Instructions for the task:
Each entry must be given again exactly; images do not belong in the copy.

[[ Material shown, beginning ]]

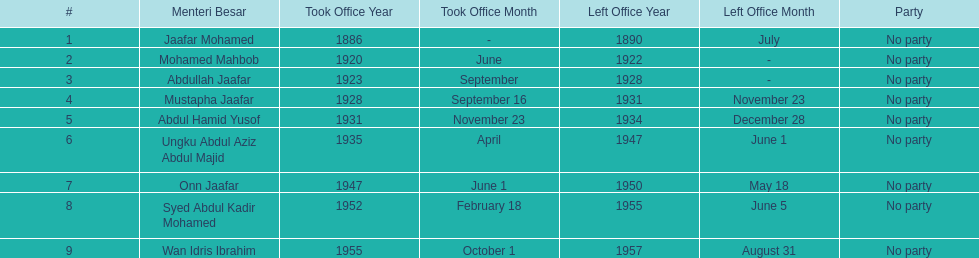Other than abullah jaafar, name someone with the same last name. Mustapha Jaafar. 
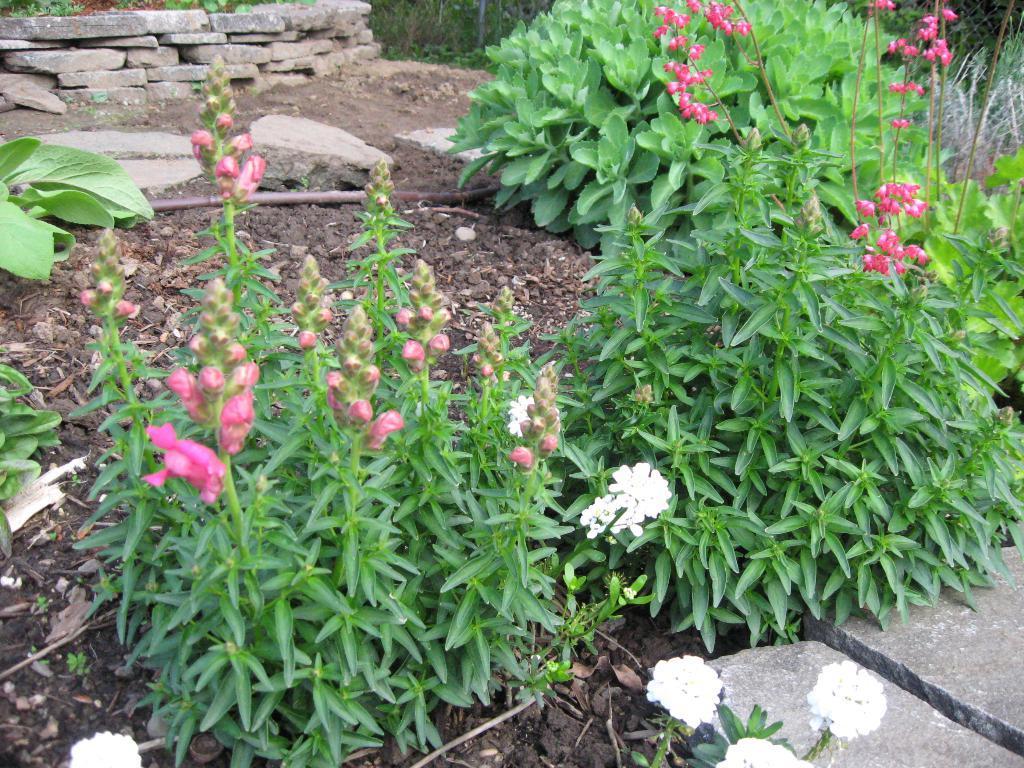Describe this image in one or two sentences. In the image we can see plants and flowers, pink and white in colors. Here we can see the soil, wooden pieces and stones. 
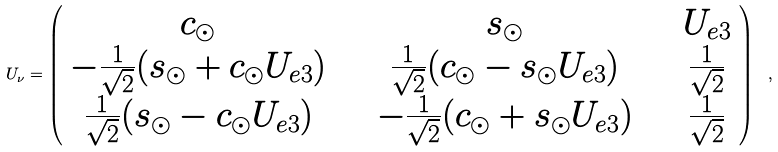<formula> <loc_0><loc_0><loc_500><loc_500>U _ { \nu } = \left ( \begin{array} { c c c } c _ { \odot } & \quad s _ { \odot } & \quad U _ { e 3 } \\ - \frac { 1 } { \sqrt { 2 } } ( s _ { \odot } + c _ { \odot } U _ { e 3 } ) & \quad \frac { 1 } { \sqrt { 2 } } ( c _ { \odot } - s _ { \odot } U _ { e 3 } ) & \quad \frac { 1 } { \sqrt { 2 } } \\ \frac { 1 } { \sqrt { 2 } } ( s _ { \odot } - c _ { \odot } U _ { e 3 } ) & \quad - \frac { 1 } { \sqrt { 2 } } ( c _ { \odot } + s _ { \odot } U _ { e 3 } ) & \quad \frac { 1 } { \sqrt { 2 } } \end{array} \right ) \ ,</formula> 
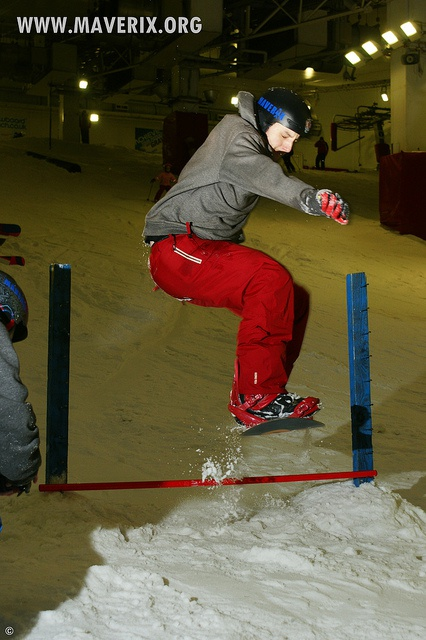Describe the objects in this image and their specific colors. I can see people in black, maroon, and gray tones, people in black, gray, and purple tones, baseball glove in black, salmon, red, and gray tones, snowboard in black, gray, and maroon tones, and people in black and darkgreen tones in this image. 
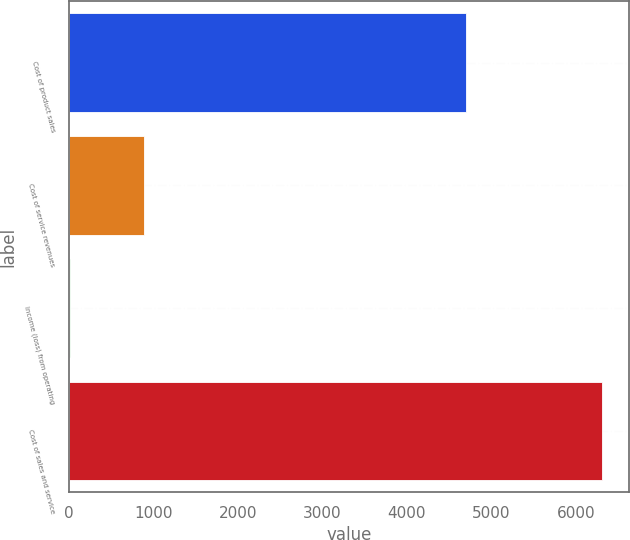Convert chart. <chart><loc_0><loc_0><loc_500><loc_500><bar_chart><fcel>Cost of product sales<fcel>Cost of service revenues<fcel>Income (loss) from operating<fcel>Cost of sales and service<nl><fcel>4695<fcel>888<fcel>14<fcel>6308<nl></chart>

[[ Material shown, end ]]

Response area:
Other than abullah jaafar, name someone with the same last name. Mustapha Jaafar. 
Describe this image in one or two sentences. In the image we can see plants and flowers, pink and white in colors. Here we can see the soil, wooden pieces and stones. 
<formula> <loc_0><loc_0><loc_500><loc_500>U _ { \nu } = \left ( \begin{array} { c c c } c _ { \odot } & \quad s _ { \odot } & \quad U _ { e 3 } \\ - \frac { 1 } { \sqrt { 2 } } ( s _ { \odot } + c _ { \odot } U _ { e 3 } ) & \quad \frac { 1 } { \sqrt { 2 } } ( c _ { \odot } - s _ { \odot } U _ { e 3 } ) & \quad \frac { 1 } { \sqrt { 2 } } \\ \frac { 1 } { \sqrt { 2 } } ( s _ { \odot } - c _ { \odot } U _ { e 3 } ) & \quad - \frac { 1 } { \sqrt { 2 } } ( c _ { \odot } + s _ { \odot } U _ { e 3 } ) & \quad \frac { 1 } { \sqrt { 2 } } \end{array} \right ) \ ,</formula> 
Describe the objects in this image and their specific colors. I can see people in black, maroon, and gray tones, people in black, gray, and purple tones, baseball glove in black, salmon, red, and gray tones, snowboard in black, gray, and maroon tones, and people in black and darkgreen tones in this image. 
Convert chart. <chart><loc_0><loc_0><loc_500><loc_500><bar_chart><fcel>Cost of product sales<fcel>Cost of service revenues<fcel>Income (loss) from operating<fcel>Cost of sales and service<nl><fcel>4695<fcel>888<fcel>14<fcel>6308<nl></chart>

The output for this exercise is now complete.